Но пятерка оставшихся рвалась вперед — неудержимые русские «илы». На них обрушилась, вырвавшись из свалки с истребителями, пара «сто десятых» — и в неслышном торжествующем реве сотен моряцких глоток еще один штурмовик выбросил из мотора фонтан брызжущего бенгальского огня — и пронзительно визжащим факелом, расшвыривая раскаленные обломки, косо понесся над водой. И не видно… Но русские жутко-неотвратимо рвутся вперед, вперед, вперед! Сверху наваливается еще пара истребителей: презрев свой и чужой огонь и повиснув над спинами русских, они в упор, в упор расстреливают вышедшие на боевой курс и потому уже не маневрирующие штурмовики. Кузьменко, захлебываясь ужасом и матом, ревет в эфир — всем, всем:

— …м-м-мать!

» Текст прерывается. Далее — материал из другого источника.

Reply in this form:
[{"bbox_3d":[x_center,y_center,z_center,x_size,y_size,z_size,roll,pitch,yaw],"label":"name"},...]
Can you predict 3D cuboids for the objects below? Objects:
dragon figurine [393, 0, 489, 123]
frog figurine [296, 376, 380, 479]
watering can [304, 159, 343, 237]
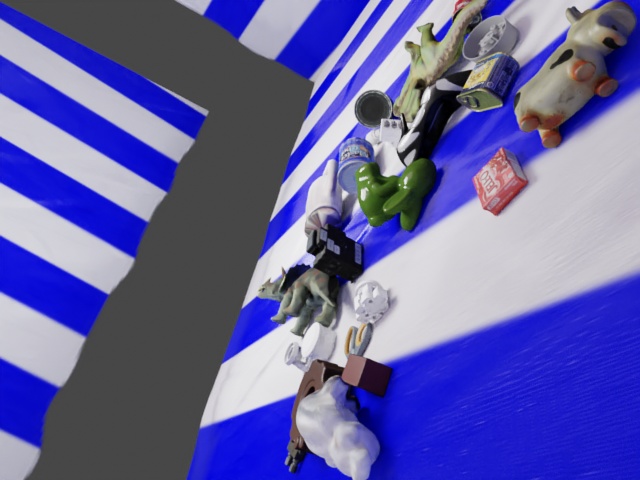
[{"bbox_3d":[0.259,-0.384,1.203,0.409,0.122,0.244,175,112,-81],"label":"dragon figurine"},{"bbox_3d":[0.028,0.314,0.810,0.163,0.123,0.134,-104,9,-55],"label":"frog figurine"},{"bbox_3d":[0.005,-0.077,1.535,0.339,0.104,0.230,108,170,-48],"label":"watering can"}]
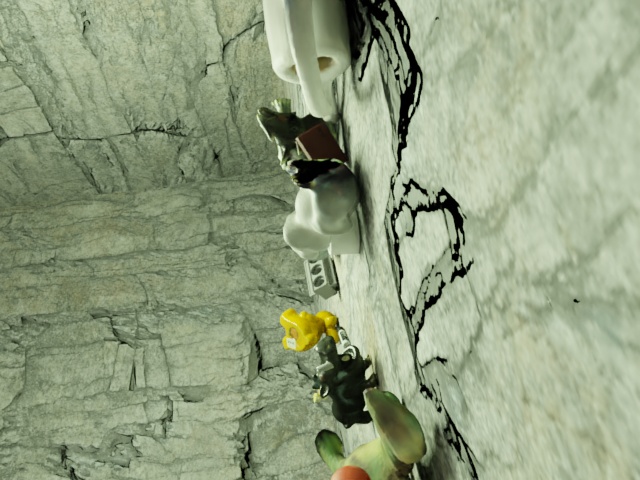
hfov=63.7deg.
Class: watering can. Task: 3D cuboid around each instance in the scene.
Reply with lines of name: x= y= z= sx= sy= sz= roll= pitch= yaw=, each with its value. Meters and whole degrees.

Прикрытие?! Где прикрытие?! Нас жгу-у-ут!! — А за его спиной непрерывно грохочет УБТ: старшина, зажав в упоры трясущиеся от отдачи плечи, перешвыривает раскалившийся в ледяном воющем ветре пляшущий ствол с борта на борт; полуослепленный жгущим весь распроклятый гибнущий мир огромным факелом, рвущимся из бешеного пулемета, он отчаянно-обреченно отбивается, отсекает, прикрывает — стреляет, стреляет, стреляет, беззвучно молясь, матерясь и рыдая; и плевать на патроны, плевать на расчеты, надежды, на жизнь распропащую — плевать! Сбросить — и не промахнуться; не дать себя сбить до выхода на цель — вырвать еще миг, еще мгновение, чтоб всем телом, душой, последним вздохом-взглядом успеть навести на цель не самолет — себя, себя навести! — и не промахнуться… Но всюду, всюду — смертные пролетающие тени, размазанные скоростью, мелькающие в диких ракурсах и отсветах боя.

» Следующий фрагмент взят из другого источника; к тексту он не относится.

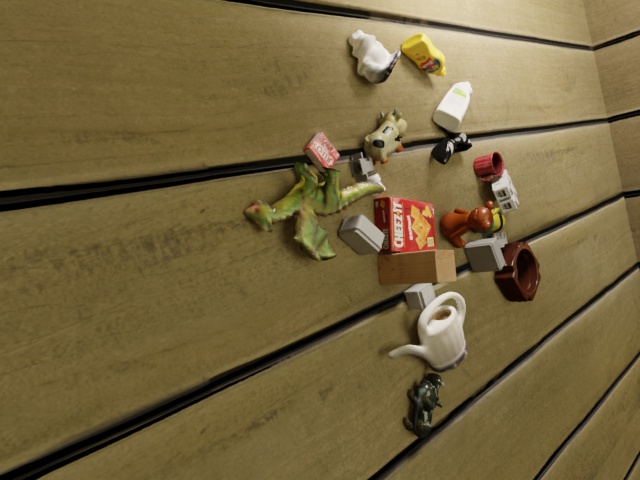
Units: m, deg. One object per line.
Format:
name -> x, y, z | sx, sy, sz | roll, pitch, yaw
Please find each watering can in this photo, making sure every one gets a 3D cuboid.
watering can -> 0.341, 0.308, 1.556 | 0.352, 0.104, 0.221 | -36, 115, -31

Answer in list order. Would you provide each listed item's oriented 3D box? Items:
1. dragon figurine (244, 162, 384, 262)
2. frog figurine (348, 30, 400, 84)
dragon figurine -> 0.004, -0.066, 1.315 | 0.409, 0.122, 0.244 | 9, 82, -31
frog figurine -> 0.150, -0.554, 1.567 | 0.160, 0.120, 0.139 | 28, 69, 4

Молнии дымов. Рев. Грохот. Шипение. Визг.

Черная размашистая тень проносится наискось над головой в блеске винтов — и «ил» рядом мгновенно охвачен огнем; это только в кино самолет горит — и летит, летит; здесь, в сражающейся жизни, все не так, все страшно! Весь штурмовик вспыхивает и вмиг превратился в кошмарно завывающую свистящим бело-голубым огнем форсунку.

— С-суки!.. — безнадежно, смертно, люто несется над беспредельным вечным океаном. — Го-о-орим! Все гор-ри-и-им! За Р-ро-дину, за Ста-ли-на-а-а!.. Будьте ж вы все про-о-окляты-ы-ы!!!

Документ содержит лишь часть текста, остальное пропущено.